> INSTRUCTIONS TO FOLLOW: Below are records to repeat exactly; copy them without the pictures.
=== DATASET EXTRACT ===
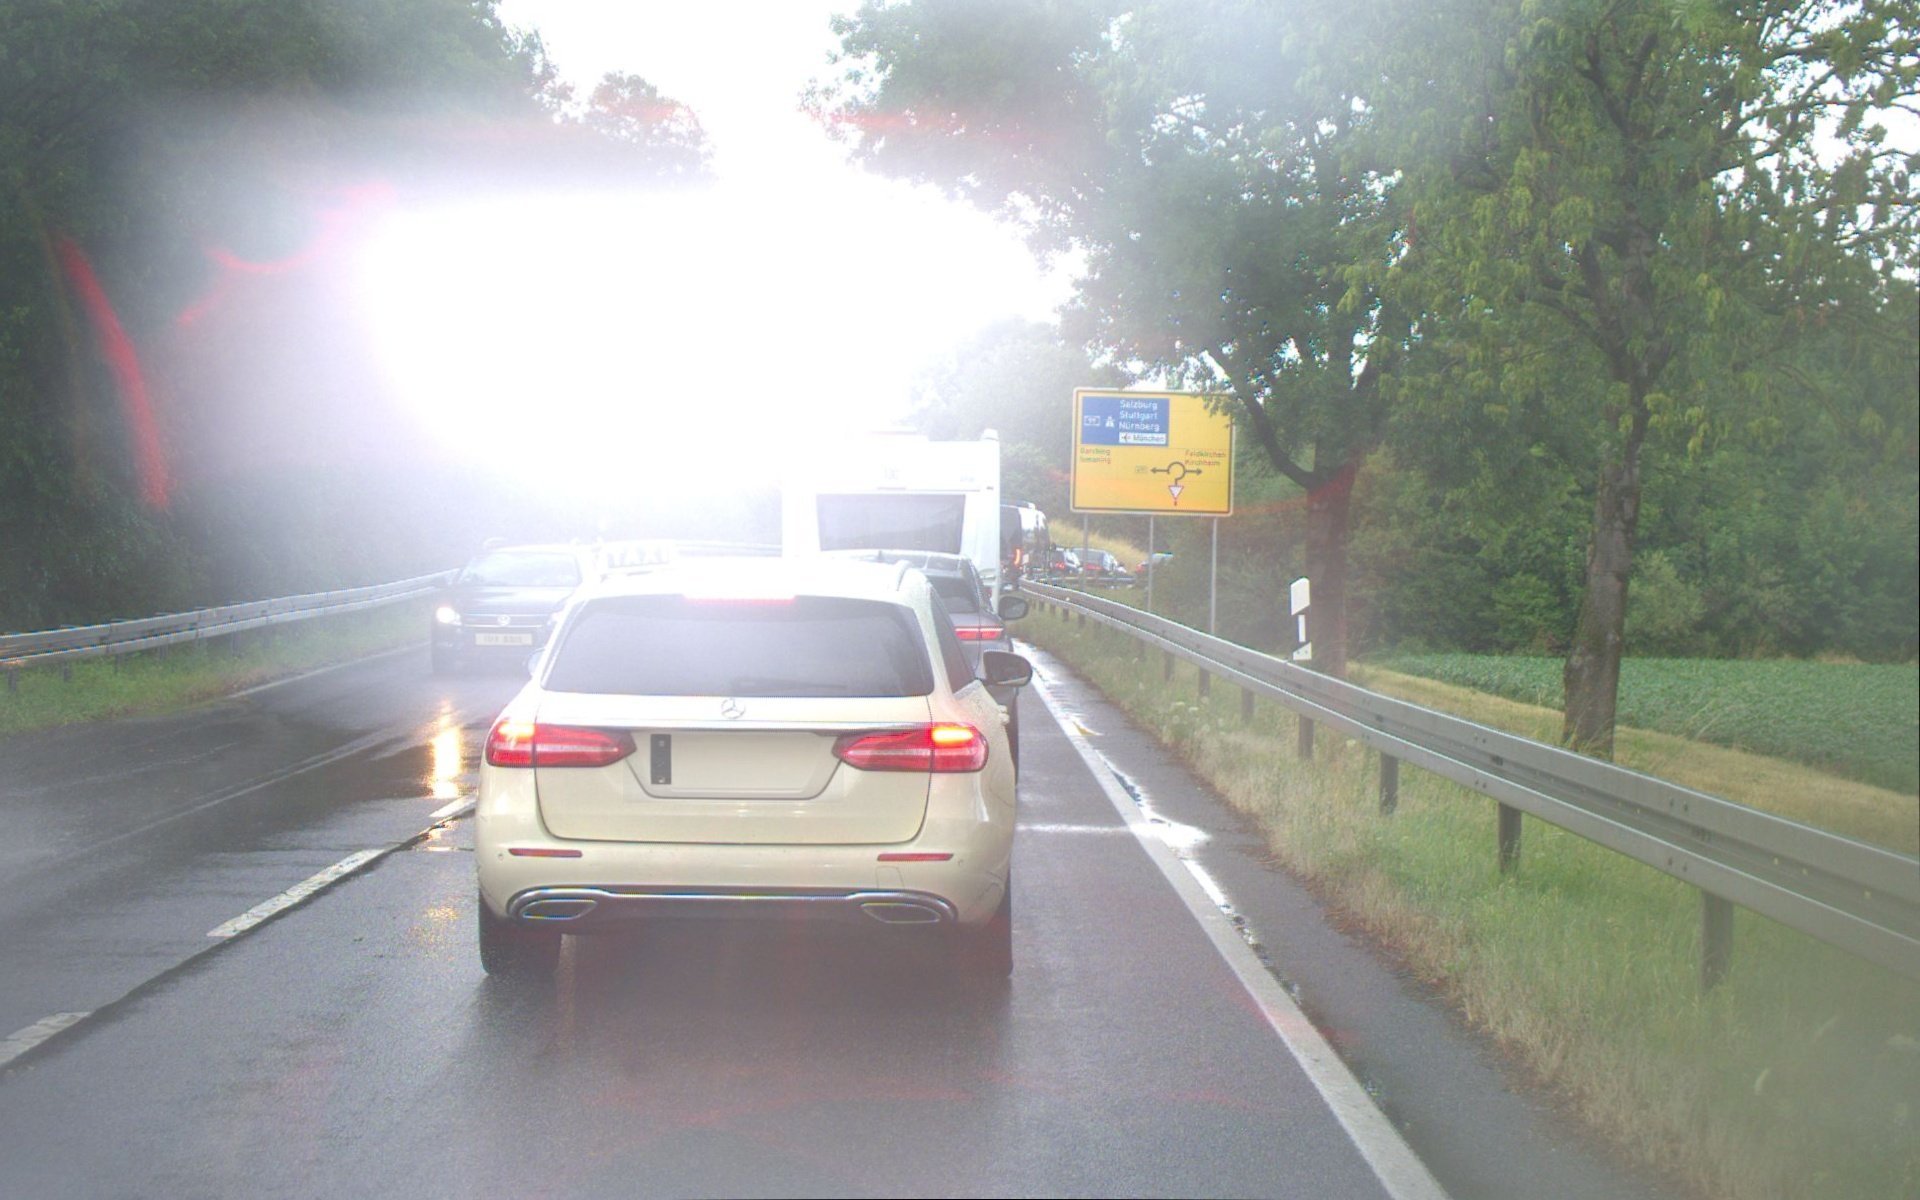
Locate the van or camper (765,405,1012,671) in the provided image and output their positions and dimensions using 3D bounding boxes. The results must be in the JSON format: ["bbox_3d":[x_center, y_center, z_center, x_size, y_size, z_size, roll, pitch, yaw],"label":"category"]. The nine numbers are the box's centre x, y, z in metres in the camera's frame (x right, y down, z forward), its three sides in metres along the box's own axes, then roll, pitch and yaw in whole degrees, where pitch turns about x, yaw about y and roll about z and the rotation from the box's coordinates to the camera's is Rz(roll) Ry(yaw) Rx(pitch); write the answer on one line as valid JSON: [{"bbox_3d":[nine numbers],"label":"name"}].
[{"bbox_3d":[-0.686,-0.680,37.917,2.489,2.676,5.700,1,1,1],"label":"van or camper"}]

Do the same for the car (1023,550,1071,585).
[{"bbox_3d":[2.878,-1.074,114.361,1.551,1.114,4.000,1,0,1],"label":"car"}]

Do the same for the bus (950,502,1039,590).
[{"bbox_3d":[0.784,-1.287,81.053,1.993,2.007,4.000,0,1,-1],"label":"bus"}]

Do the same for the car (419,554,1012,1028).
[{"bbox_3d":[-0.741,0.573,12.813,1.865,1.471,4.000,0,1,1],"label":"car"}]

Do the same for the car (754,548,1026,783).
[{"bbox_3d":[-0.398,0.373,23.022,1.664,1.426,4.000,0,1,1],"label":"car"}]

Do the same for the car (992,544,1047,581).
[{"bbox_3d":[1.803,-1.139,104.924,1.551,1.114,4.000,1,0,-1],"label":"car"}]

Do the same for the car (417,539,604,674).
[{"bbox_3d":[-5.070,0.032,39.176,1.628,1.433,3.960,1,1,-1],"label":"car"}]
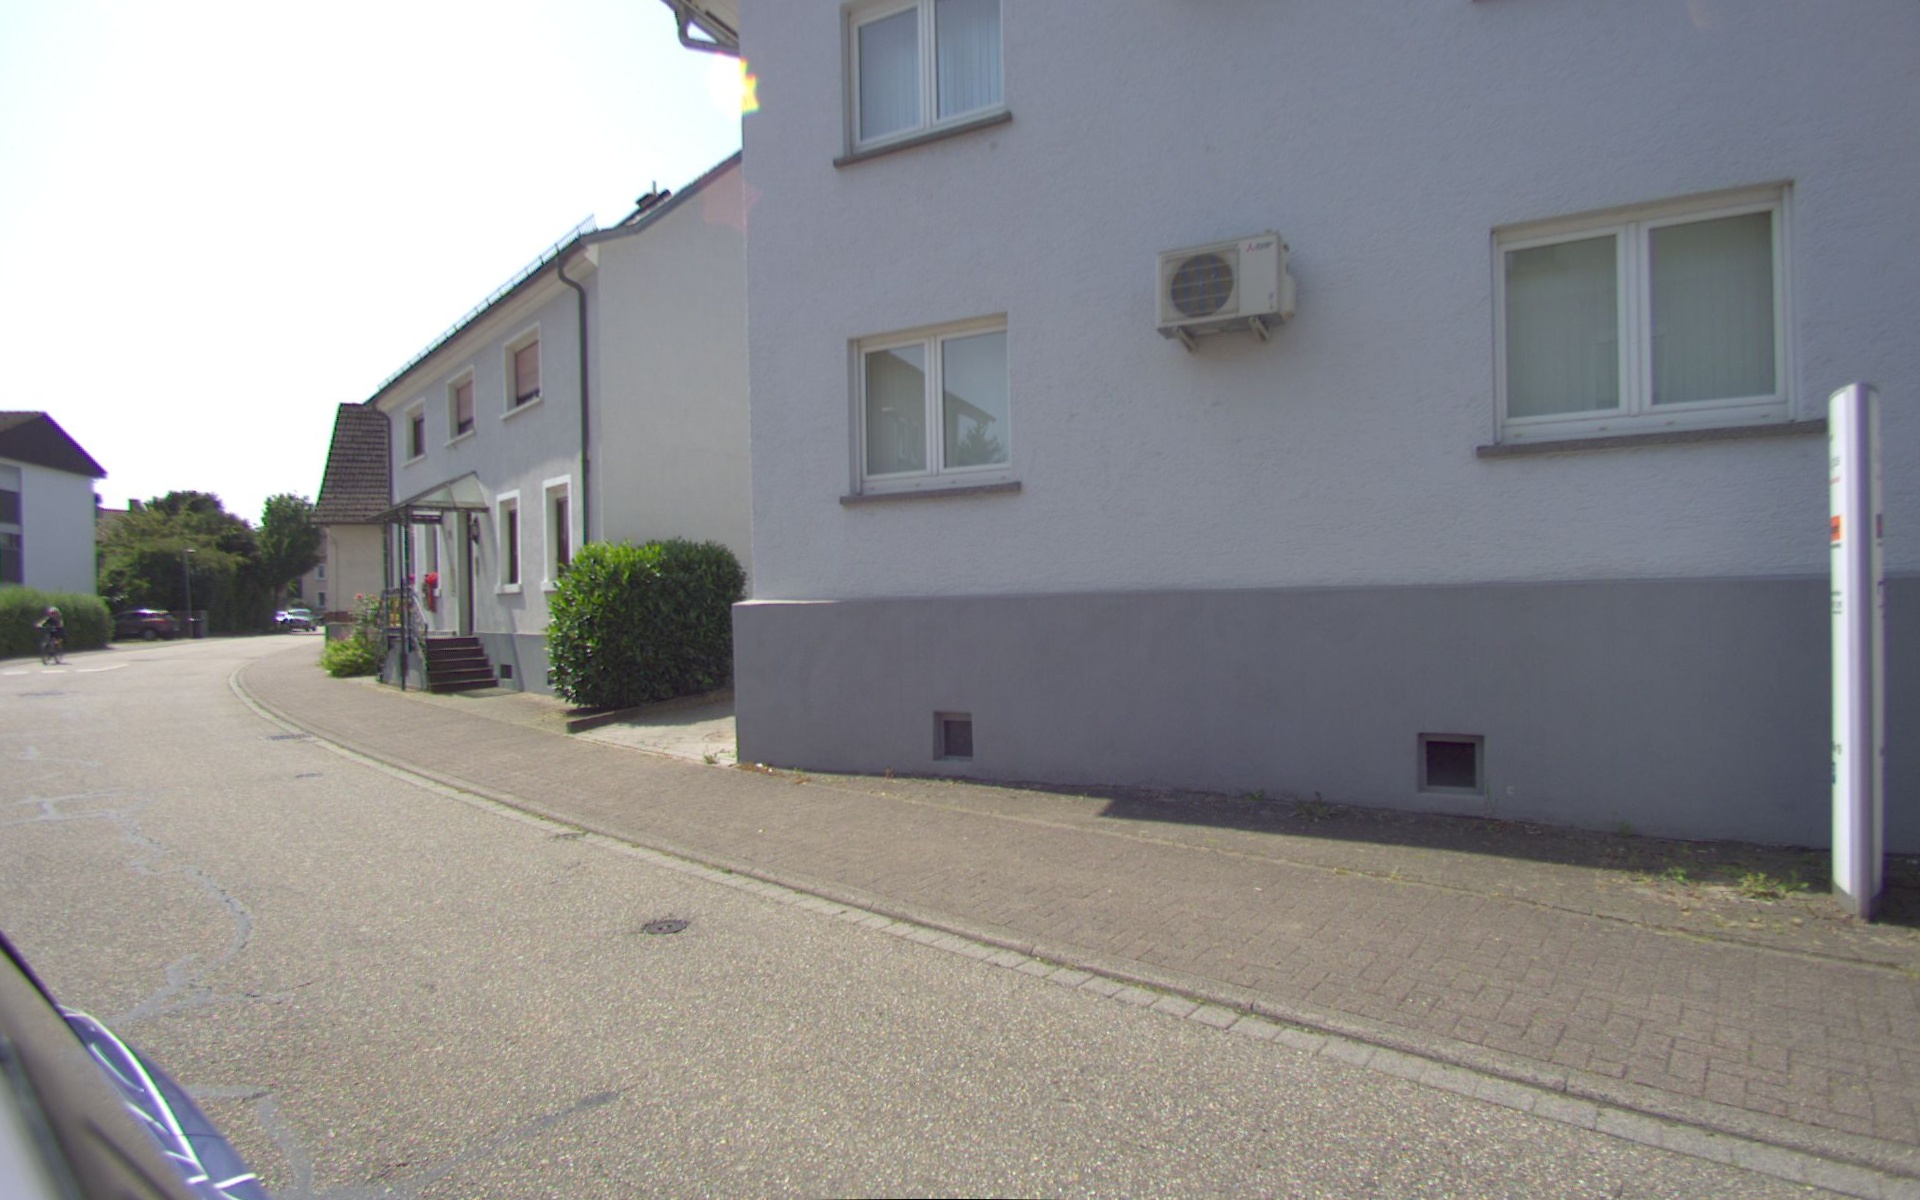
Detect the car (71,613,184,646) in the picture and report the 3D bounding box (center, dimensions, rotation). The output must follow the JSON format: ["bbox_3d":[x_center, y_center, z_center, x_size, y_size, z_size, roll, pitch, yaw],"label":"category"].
[{"bbox_3d":[-44.339,1.546,54.016,4.218,1.684,2.072,0,-1,-21],"label":"car"}]

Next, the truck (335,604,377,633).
[{"bbox_3d":[-46.182,1.388,77.523,2.229,2.151,6.787,0,0,-26],"label":"truck"}]

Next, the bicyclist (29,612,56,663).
[{"bbox_3d":[-27.571,1.126,30.409,0.539,1.501,0.798,-1,0,-40],"label":"bicyclist"}]

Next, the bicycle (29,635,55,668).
[{"bbox_3d":[-27.461,1.535,30.280,0.513,0.911,1.315,-1,0,-39],"label":"bicycle"}]

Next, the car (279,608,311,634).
[{"bbox_3d":[-49.715,1.550,75.700,1.752,1.855,3.913,0,-1,-30],"label":"car"}]
===
> TASK SOLUTION:
Locate the van or camper (765,405,1012,671) in the provided image and output their positions and dimensions using 3D bounding boxes. The results must be in the JSON format: ["bbox_3d":[x_center, y_center, z_center, x_size, y_size, z_size, roll, pitch, yaw],"label":"category"]. The nine numbers are the box's centre x, y, z in metres in the camera's frame (x right, y down, z forward), its three sides in metres along the box's own axes, then roll, pitch and yaw in whole degrees, where pitch turns about x, yaw about y and roll about z and the rotation from the box's coordinates to the camera's is Rz(roll) Ry(yaw) Rx(pitch); write the answer on one line as valid JSON: [{"bbox_3d":[nine numbers],"label":"name"}].
[{"bbox_3d":[-0.686,-0.680,37.917,2.489,2.676,5.700,1,1,1],"label":"van or camper"}]

Do the same for the car (1023,550,1071,585).
[{"bbox_3d":[2.878,-1.074,114.361,1.551,1.114,4.000,1,0,1],"label":"car"}]

Do the same for the bus (950,502,1039,590).
[{"bbox_3d":[0.784,-1.287,81.053,1.993,2.007,4.000,0,1,-1],"label":"bus"}]

Do the same for the car (419,554,1012,1028).
[{"bbox_3d":[-0.741,0.573,12.813,1.865,1.471,4.000,0,1,1],"label":"car"}]

Do the same for the car (754,548,1026,783).
[{"bbox_3d":[-0.398,0.373,23.022,1.664,1.426,4.000,0,1,1],"label":"car"}]

Do the same for the car (992,544,1047,581).
[{"bbox_3d":[1.803,-1.139,104.924,1.551,1.114,4.000,1,0,-1],"label":"car"}]

Do the same for the car (417,539,604,674).
[{"bbox_3d":[-5.070,0.032,39.176,1.628,1.433,3.960,1,1,-1],"label":"car"}]
Detect the car (71,613,184,646) in the picture and report the 3D bounding box (center, dimensions, rotation). The output must follow the JSON format: ["bbox_3d":[x_center, y_center, z_center, x_size, y_size, z_size, roll, pitch, yaw],"label":"category"].
[{"bbox_3d":[-44.339,1.546,54.016,4.218,1.684,2.072,0,-1,-21],"label":"car"}]

Next, the truck (335,604,377,633).
[{"bbox_3d":[-46.182,1.388,77.523,2.229,2.151,6.787,0,0,-26],"label":"truck"}]

Next, the bicyclist (29,612,56,663).
[{"bbox_3d":[-27.571,1.126,30.409,0.539,1.501,0.798,-1,0,-40],"label":"bicyclist"}]

Next, the bicycle (29,635,55,668).
[{"bbox_3d":[-27.461,1.535,30.280,0.513,0.911,1.315,-1,0,-39],"label":"bicycle"}]

Next, the car (279,608,311,634).
[{"bbox_3d":[-49.715,1.550,75.700,1.752,1.855,3.913,0,-1,-30],"label":"car"}]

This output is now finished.